To get a sense of China’s influence in Europe’s Balkan back yard, check out the Serbian town of Smederevo on payday.

That’s when Sopranos Pizzeria, a short drive from the Zelezara steel mill that’s the area’s biggest employer, can’t push pepperoni pizzas out the door fast enough and traffic picks up at the clothing store Jasmina Sljukic runs on main square. Hesteel Co. invested in 2016 to keep the factory alive and the significance of the Chinese investor isn’t lost on the retailers.

“It would have been a complete catastrophe without them,” said Sljukic, 49, surrounded by lace tops, floral summer skirts and other women’s garments.

A little goes a long way when it comes to winning the hearts and minds of a region that’s lagged other former communist countries in Europe because of war, sanctions and political chaos.

The takeover of the steel mill fits into a string of high-profile investments that raised China’s esteem across the Balkans. It, along with Russia, now outshines the European Union, at a fraction of the cost.

Four of the top five biggest investors in Serbia hail from the EU. Yet Serbs think China and Russia are in two of the top three spots, far ahead of Germany, according to a government survey. And with support for joining the EU on the wane, there’s growing concern of the organization losing its grip on parts of former Yugoslavia.

“All this has political consequences because it undermines the idea that the EU is the region’s best and only hope and, by extension, erodes popular consent for the painful reforms needed to qualify for EU entry,” said Timothy Less, an political risk analyst at Nova Europa, a think tank based in Cambridge, England.

Aspirant EU countries need to adopt strict rules and regulations as well as settle some political differences. Serbia’s targeted membership date has been pushed back to 2025 and, if it happens, it would be 12 years after Croatia and more than two decades after Slovenia, the only two former Yugoslav states in the bloc.

In the jostling for influence in the Balkans, perception trumps reality. The 28-nation EU calculates it accounted for 73 percent of all 2017 trade within the non-EU western Balkans, which includes Serbia, Bosnia-Herzegovina, Montenegro, Kosovo and the Republic of Macedonia, as well as Albania. China and Russia each had a share of about 5 percent.

China considers the region a key corridor into Europe, part of its so-called Belt and Road Initiative. Projects include a sea bridge in southern Croatia. Huawei Technologies Co. will upgrade the Serbian phone company, and is building a highway in Montenegro to connect Belgrade and the Adriatic.

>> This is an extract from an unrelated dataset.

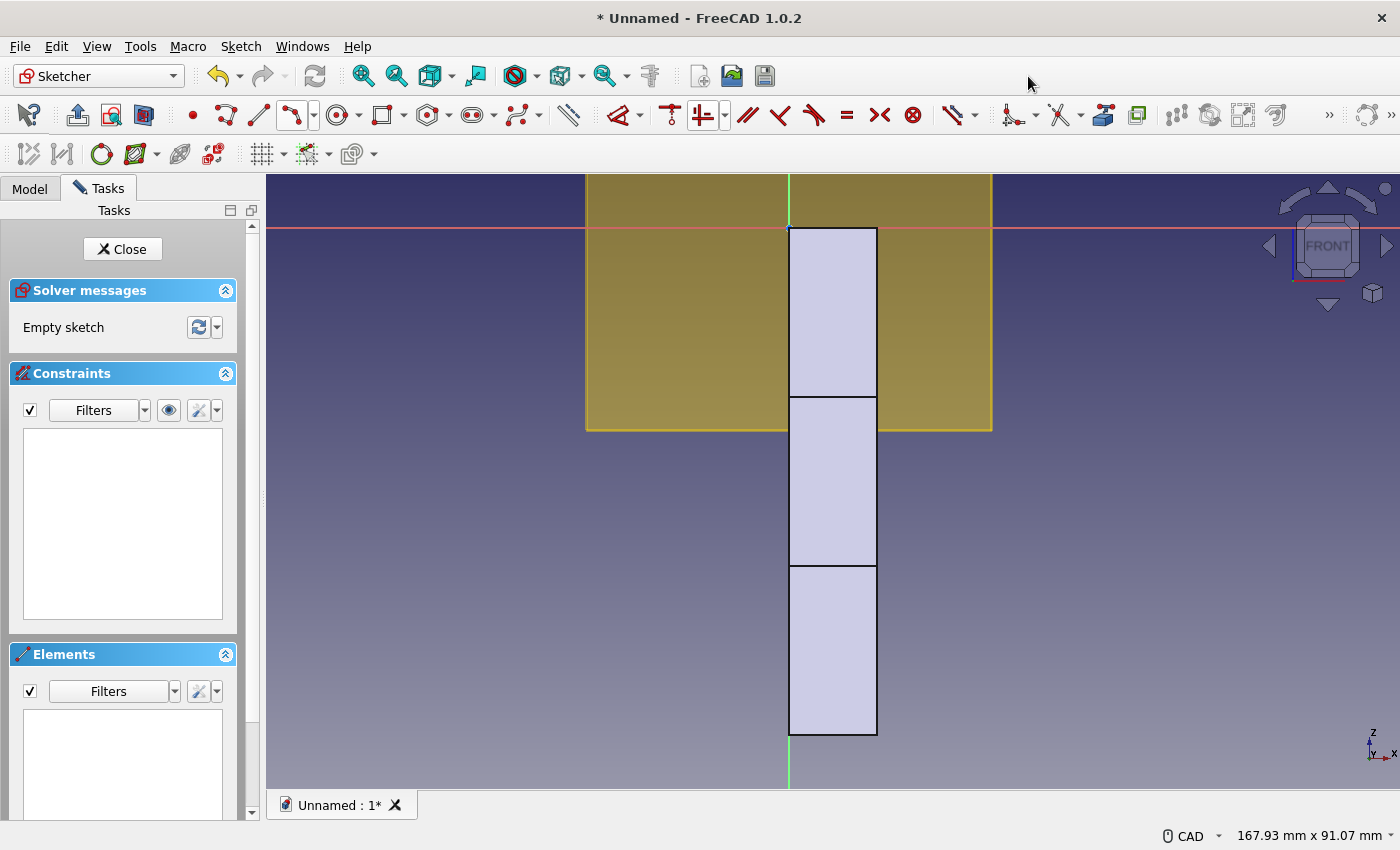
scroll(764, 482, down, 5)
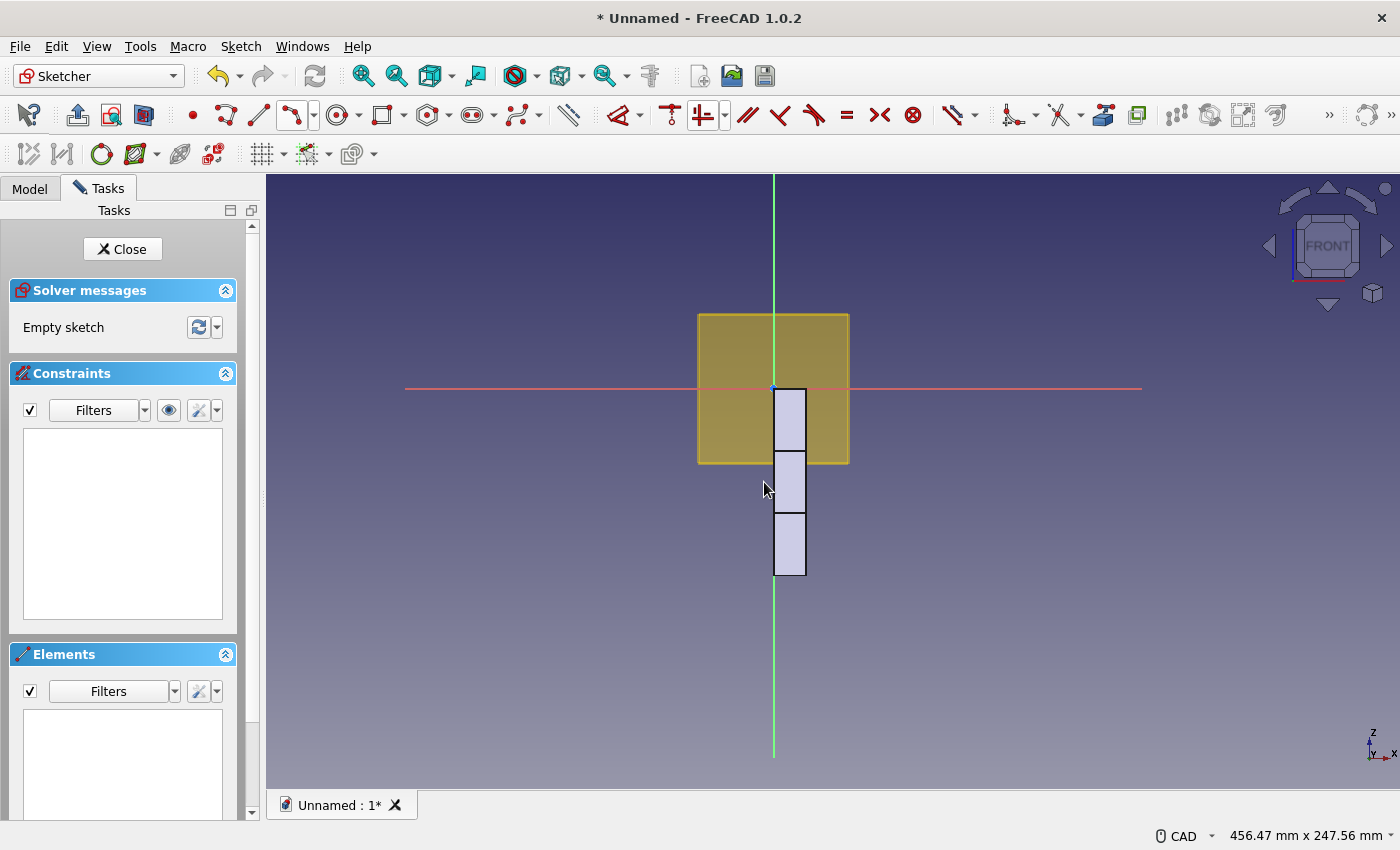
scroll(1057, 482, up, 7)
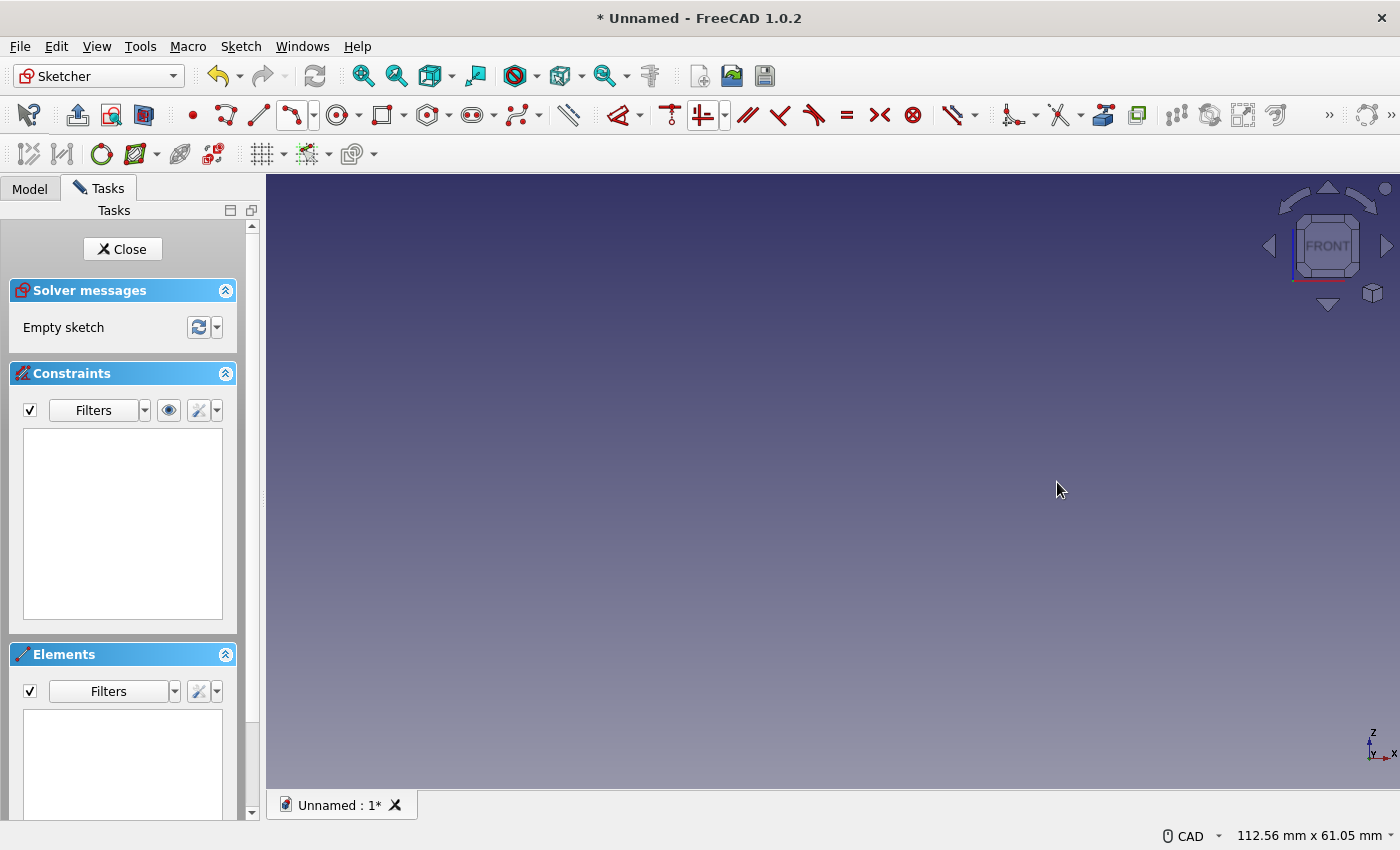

Russia, which has ethnic and religious ties across region and especially in Serbia, is working on rail upgrades and has opened a “humanitarian center” in the city of Nis to provide aid.

“A positive attitude to China has been rising,” said Srdjan Bogosavljevic, the head of the IPSOS Strategic Marketing consultancy in Belgrade. “It’s reached a very high level probably because investments from China are presented or communicated as a gesture of good will. Only the attitude toward Russia is even better.”

On an official level, nothing has changed. Serbian authorities including President Aleksandar Vucic have maintained they plan to join the EU, though the independence of Kosovo, a former Serbian province, remains a rough spot in negotiations.

Montenegro and the Republic of Macedonia, which is in the process of settling a dispute with Greece over its name, are also in the pipeline to join.

European lawmakers see the competition between global power centers breaking along lines of interest. While the EU is focusing on the rule of law, aid and business development, the U.S. has put a premium on security, Russia on energy and foreign policy and China on infrastructure and markets, according to the latest report.

“Each partner has its own specific interest and comparative advantage,” the European Parliament, the bloc’s legislature, said in a study published in November that Serbia “is in an unstable equilibrium.”

As a result of Vucic’s balancing act and willingness to “entertain all comers,” the country’s leaders would probably accept a turn in public opinion against the EU, it said.

Still, a policy U-turn would be expensive and risky, according to Steven Blockmans at the Center for European Policy Studies in Brussels. The EU’s technocratic approach “is devoid of political clout, which is needed in an increasingly politicized region,” he said.

The EU’s ambassador to Serbia, Sem Fabrizi, acknowledged a weakness in connecting with the people, even as its money flows in to support projects from improving governance standards and the rule of law to supporting media freedom, civic society and education.

“We’re striving for better visibility, more visibility,” Fabrizi said in Belgrade. “That’s something we’re aware of, but I wouldn’t say that in the popularity contest we’re not in a good position. I see a positive trend, it’s an incremental one, we could do better, but it’s not that we’re losing, on the contrary.”

Back in Smederevo, where 1.8 million tons of Chinese steel will roll out of Hesteel’s smelters this year, China is helping pay the bills. Next door to Sljukic’s clothing store, Tanja Vujovic is finishing her shift at the dry cleaners. To her, there’s nothing out of the ordinary about global powers fighting for influence over the country.

“Everybody talks about Serbia’s balancing between east and west, between the EU and Russia, but why is that unusual?” she asked as she closed up shop. “It’s our destiny, it’s been like for centuries, since forever.”